Merck summoned to the microphone one of its announced consultants, a man whose government job was nearby, at the National Institutes of Health. Dr. Thomas J. Walsh assured the committee that Merck's data describing the patients was "extremely robust and very, very rigorous." He said his government staff had assisted in vetting the company's data. About 30% of the patients were helped by the drug, he said.

The advisory committee voted unanimously to endorse the drug, called Cancidas. Sixteen days later, the FDA approved it. Doctors would later prescribe it for patients whose immune systems had been ravaged by chemotherapy and who were presumed to have a potentially deadly, invasive fungal infection. In its first five years on the U.S. market, Cancidas would generate $859 million in sales for Merck.

U.S. law generally prohibits a federal employee from representing an outside party before a government agency.
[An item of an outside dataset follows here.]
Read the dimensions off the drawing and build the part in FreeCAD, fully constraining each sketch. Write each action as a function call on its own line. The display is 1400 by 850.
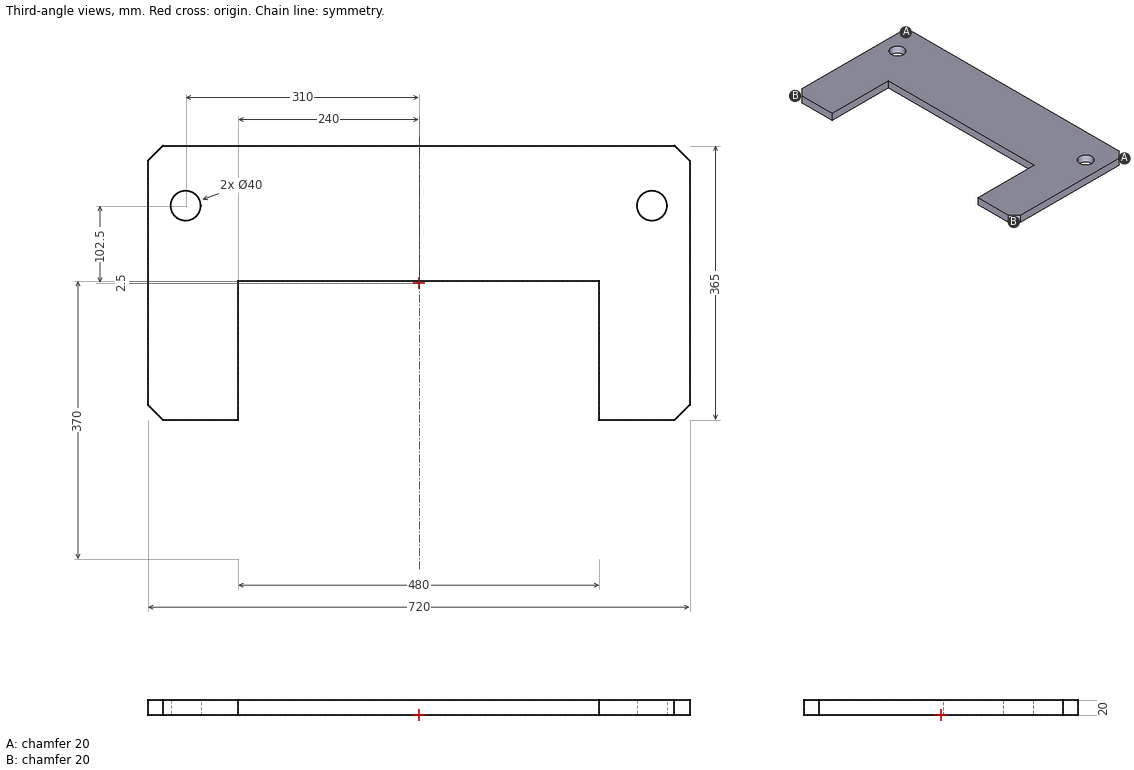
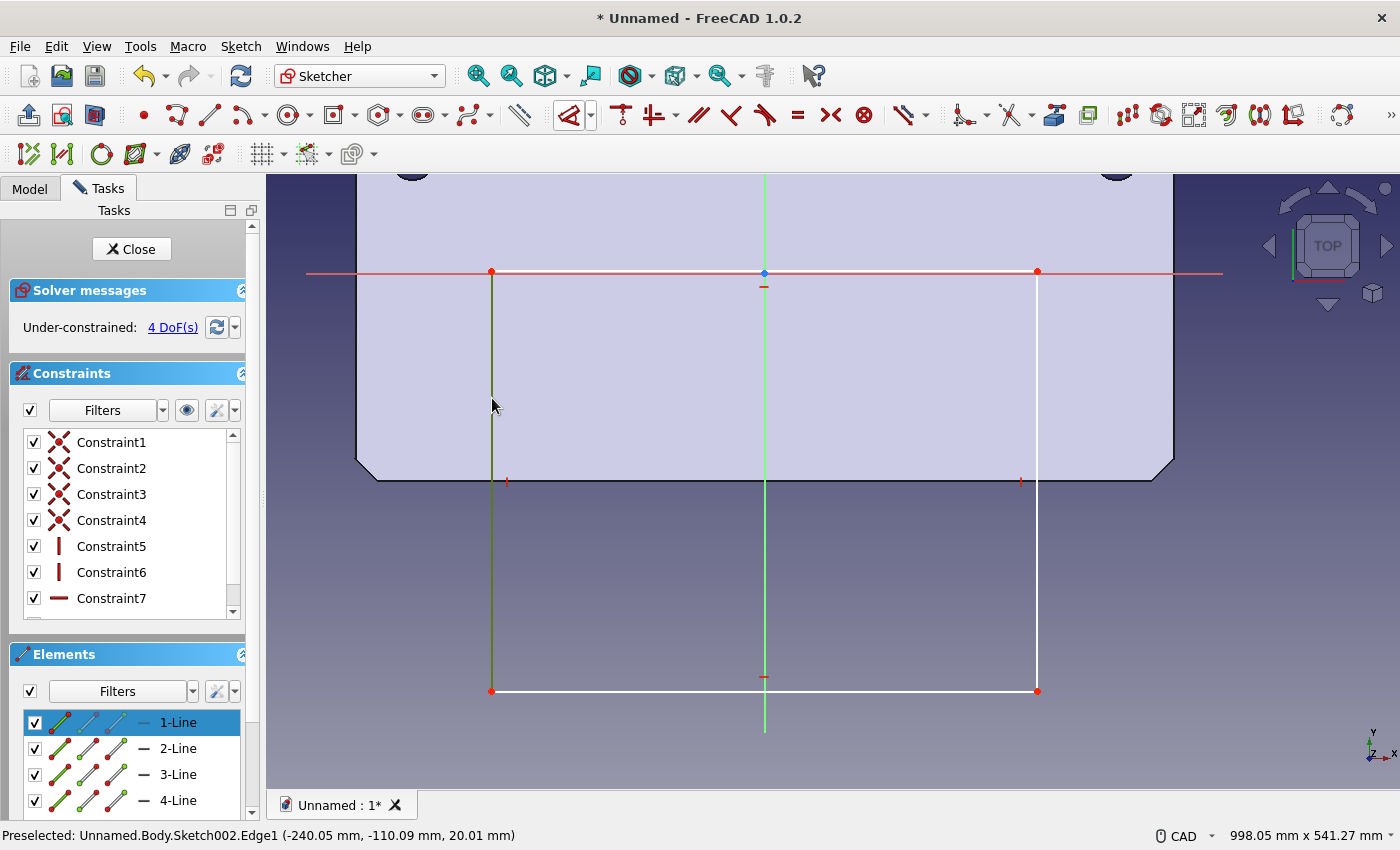
click(590, 116)

In building a career as an influential government scientist, Walsh has served as both a paid and unpaid advisor to pharmaceutical companies and has helped lead clinical trials that tested the effectiveness of their products. With his help, the companies have brought new antifungal drugs to market, but controversy has flared over whether results from two of the studies were misleading and whether some of the participating patients received adequate treatment.

In written comments for this article, Walsh said his advice to industry did not conflict with his position at the NIH's National Cancer Institute, or affect his scientific judgment.

"I am not and have never been a representative of, or advocate for, any pharmaceutical company," Walsh said.